Kaum waren die zerrissenen Körper der Opfer aus der Wartehalle des Moskauer Flughafens Domodjedowo abtransportiert, tauchte in den russischen Medien das Schreckensbild der sogenannten Schwarzen Witwe wieder auf.

In Russland weiß man, was unter diesem Begriff zu verstehen ist: Eine islamistische Selbstmordattentäterin aus dem Nordkaukasus. Oft haben diese Frauen im Kampf gegen russische Truppen ihren Ehemann, Vater oder Bruder verloren und wollen Rache. Mehrfach wurden Terroranschläge in Russland von solchen Attentäterinnen verübt, in Flugzeugen, im Theater, in der Metro. 

Dort, wo am Montagnachmittag eine Bombe an Russlands größtem Flughafen explodierte, will ein Augenzeuge wieder eine solche Schwarze Witwe beobachtet haben. Nach Informationen, die die Nachrichtenagenturen Interfax und Ria Nowosti aus Sicherheitskreisen erhalten haben, berichtet der Zeuge von einer Frau in langer schwarzer Oberbekleidung in der Art einer Burka.  Er soll gesehen haben, wie die Frau ihren Koffer öffnete und dieser wenig später in die Luft flog. Die Frau wurde offenbar von einem jungen Mann begleitet, der ebenfalls unter den Opfern ist.

Ob Frau oder Mann, die Zielrichtung ist klar: Russische Sicherheitsbehörden und die Öffentlichkeit machen islamistische Terroristen aus dem russischen Nordkaukasus für den Bombenschlag verantwortlich, bei dem am Montag 35 Menschen getötet und nach unterschiedlichen Angaben 130 bis 170 Flughafenbesucher verletzt wurden. Die Sicherheitskräfte fahnden nach drei Männern aus Tschetschenien, die verdächtigt werden, für den Silvestertag ein weiteres, offenbar gescheitertes Attentat in Moskau geplant zu haben. Sie sollen auch die Hintermänner der Explosion am Flughafen sein.

Unter den bisher identifizierten Opfern, deren Namen und Geburtsjahre in russischen Medien kursieren, befindet sich allem Anschein nach auch ein junger Mann aus Deutschland und zwei Inhaber britischer Pässe. Viele der Toten sind Taxifahrer, die im frei zugänglichen Ankunftsbereich auf Fahrgäste warteten.

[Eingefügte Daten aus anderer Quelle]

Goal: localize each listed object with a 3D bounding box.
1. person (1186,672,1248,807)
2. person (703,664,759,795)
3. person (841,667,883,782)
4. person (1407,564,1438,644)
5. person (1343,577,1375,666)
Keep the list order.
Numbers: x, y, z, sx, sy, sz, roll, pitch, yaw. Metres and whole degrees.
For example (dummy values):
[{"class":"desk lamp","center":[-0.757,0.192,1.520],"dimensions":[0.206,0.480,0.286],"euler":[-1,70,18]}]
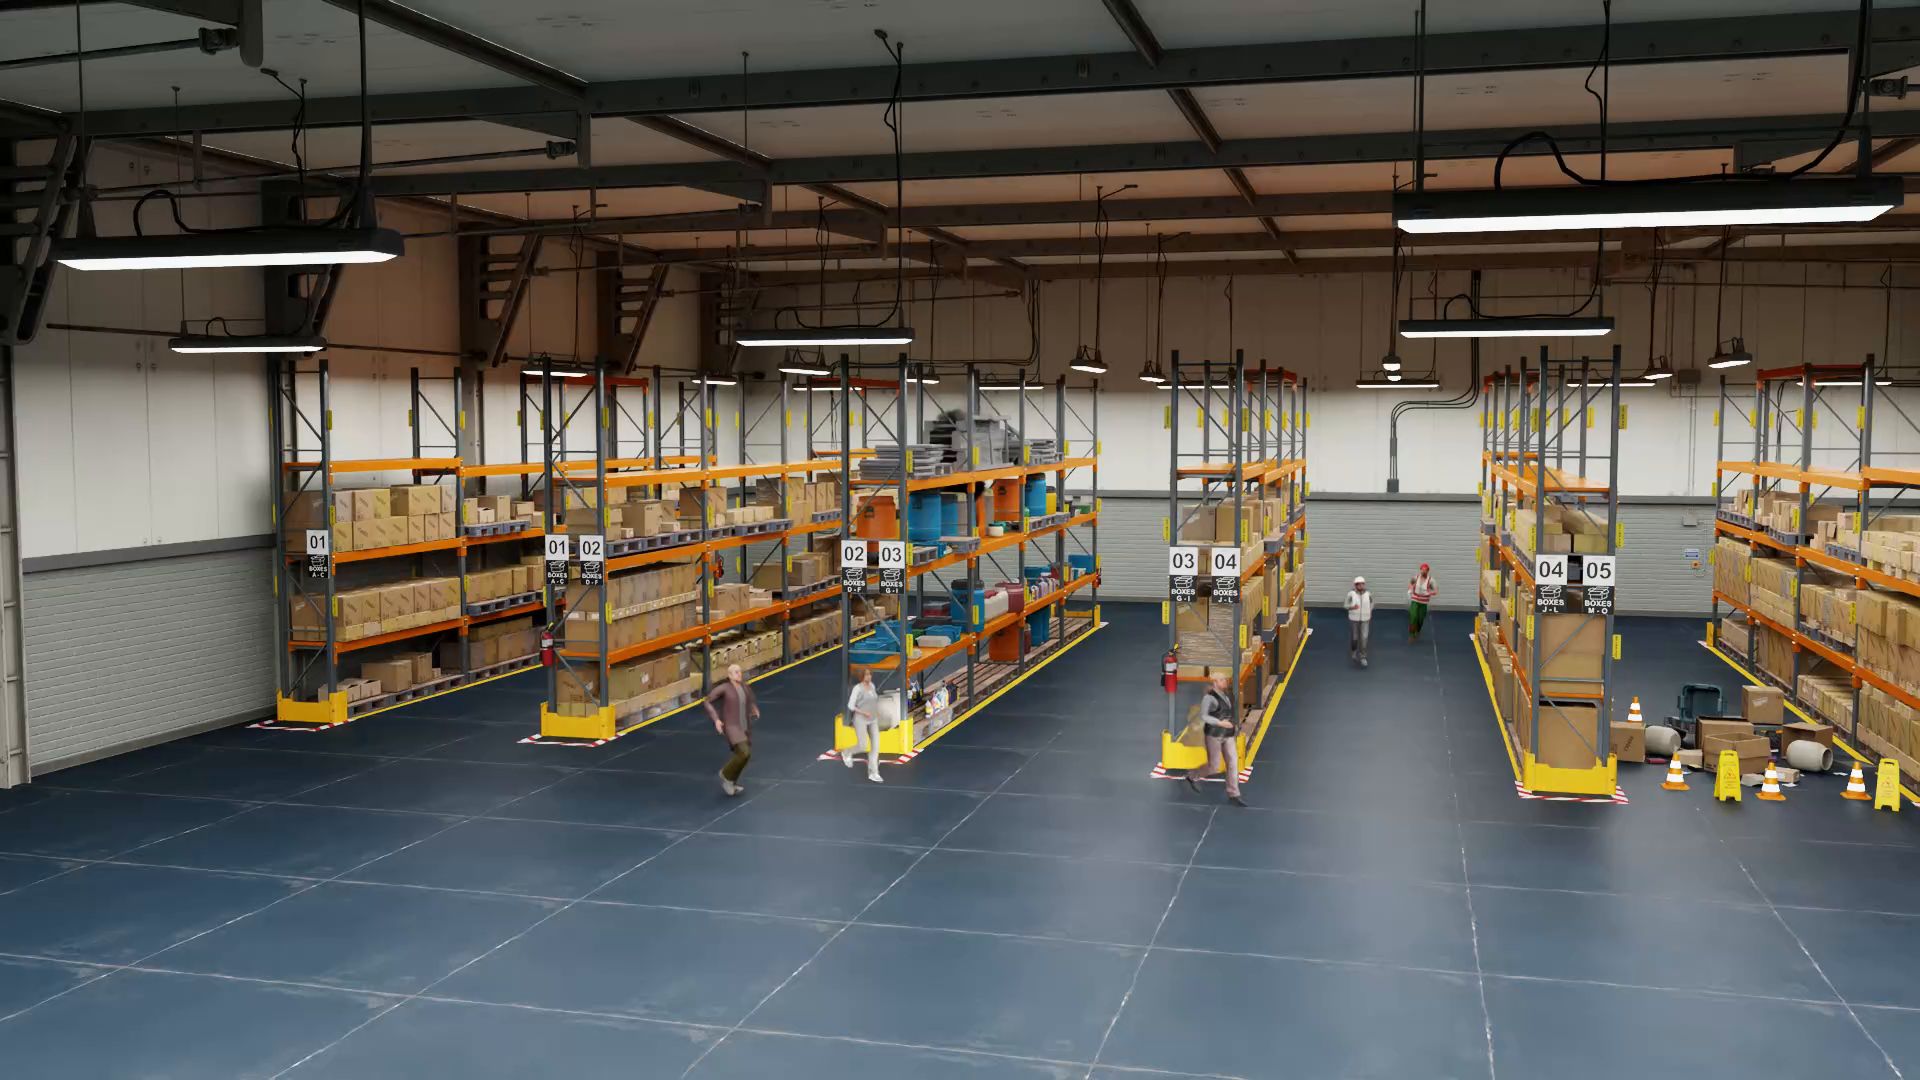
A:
[{"class":"person","center":[3.372,2.581,21.719],"dimensions":[0.675,1.718,0.944],"euler":[-4,5,-40]},{"class":"person","center":[-2.953,2.525,22.141],"dimensions":[0.695,1.741,0.693],"euler":[3,5,38]},{"class":"person","center":[-1.344,2.550,23.195],"dimensions":[0.552,1.587,0.803],"euler":[-4,6,-43]},{"class":"person","center":[10.466,1.422,37.638],"dimensions":[0.692,1.777,0.935],"euler":[2,5,24]},{"class":"person","center":[8.186,1.595,34.095],"dimensions":[0.661,1.690,0.769],"euler":[0,4,5]}]
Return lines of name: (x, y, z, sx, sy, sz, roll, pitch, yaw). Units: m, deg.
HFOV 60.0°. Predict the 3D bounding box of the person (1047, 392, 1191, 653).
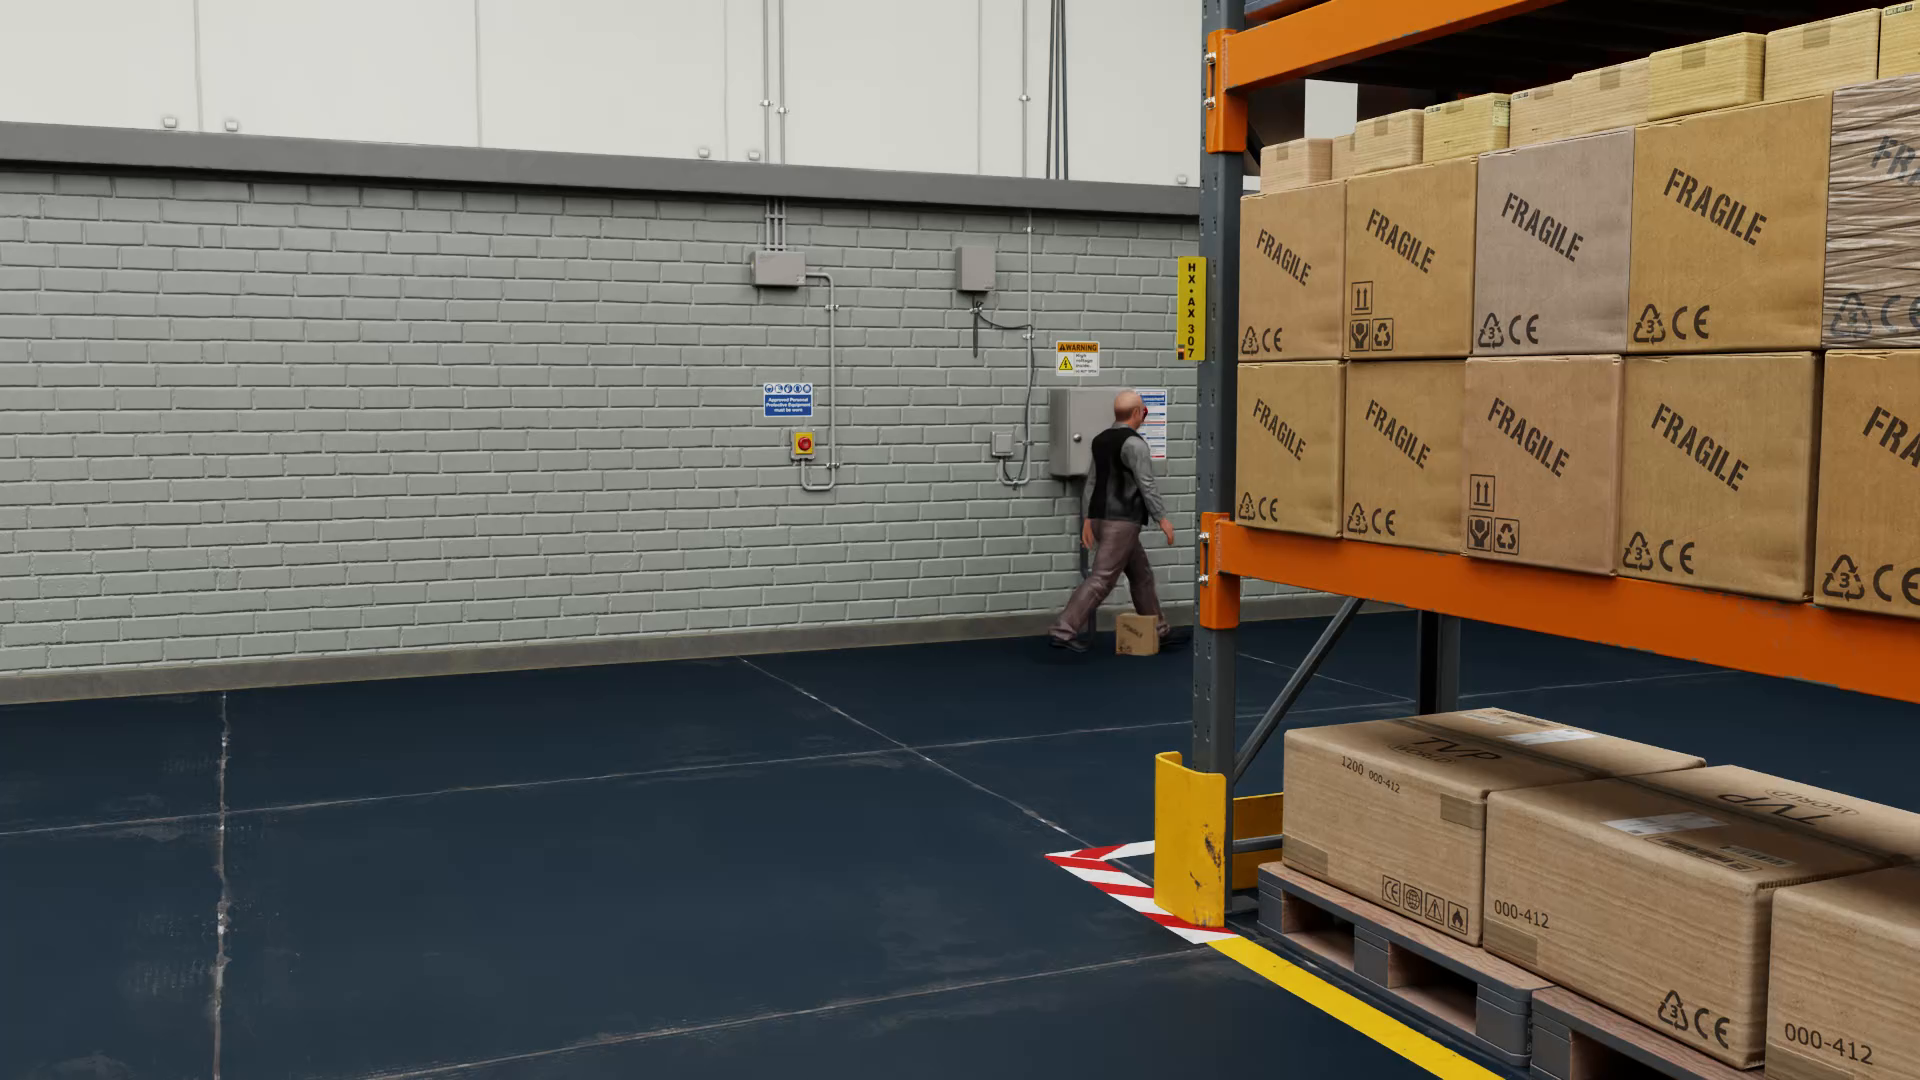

Russlands Präsident Dmitrij Medwedjew bezeichnete das Geschehen am Montag als Anschlag, hielt sich mit konkreten Hinweisen auf nordkaukasische Terroristen jedoch zurück. Er schwor mit starken Worten, die Verantwortlichen zu finden und zu bestrafen. Außerdem kritisierte er laxe Sicherheitsvorkehrungen am Flughafen. Umgehende Entlassungen der Verantwortlichen, sonst ein beliebtes Instrument zur Krisenbewältigung, nahm er nicht vor. Ministerpräsident  Wladimir Putin reagierte ungewöhnlich zurückhaltend und versprach lediglich schnelle Hilfe für die Opfer.

Experten haben inzwischen die Sicherheit an Moskaus größtem Flughafen als zeitgemäß und völlig normal bezeichnet. Im Jahr 2004 war der Flughafen in die Kritik geraten, weil zwei Selbstmordattentäterinnen durch die Zahlung marginaler Schmiergeldbeträge an Bord von Verkehrsflugzeugen nach Wolgograd und Sotschi gelangt waren. Sie sprengten sich in die Luft, 90 Menschen starben. Im Zusammenhang mit dem Attentat vom Montag könne man natürlich Versäumnisse der Nachrichtendienste  kritisieren, sagte Gennadi Gudkow, stellvertretender Vorsitzender des Sicherheitsausschusses im russischen Parlament, angesichts der allgegenwärtigen Korruption im Land sei allerdings effektive Terrorprävention ohnehin nicht möglich.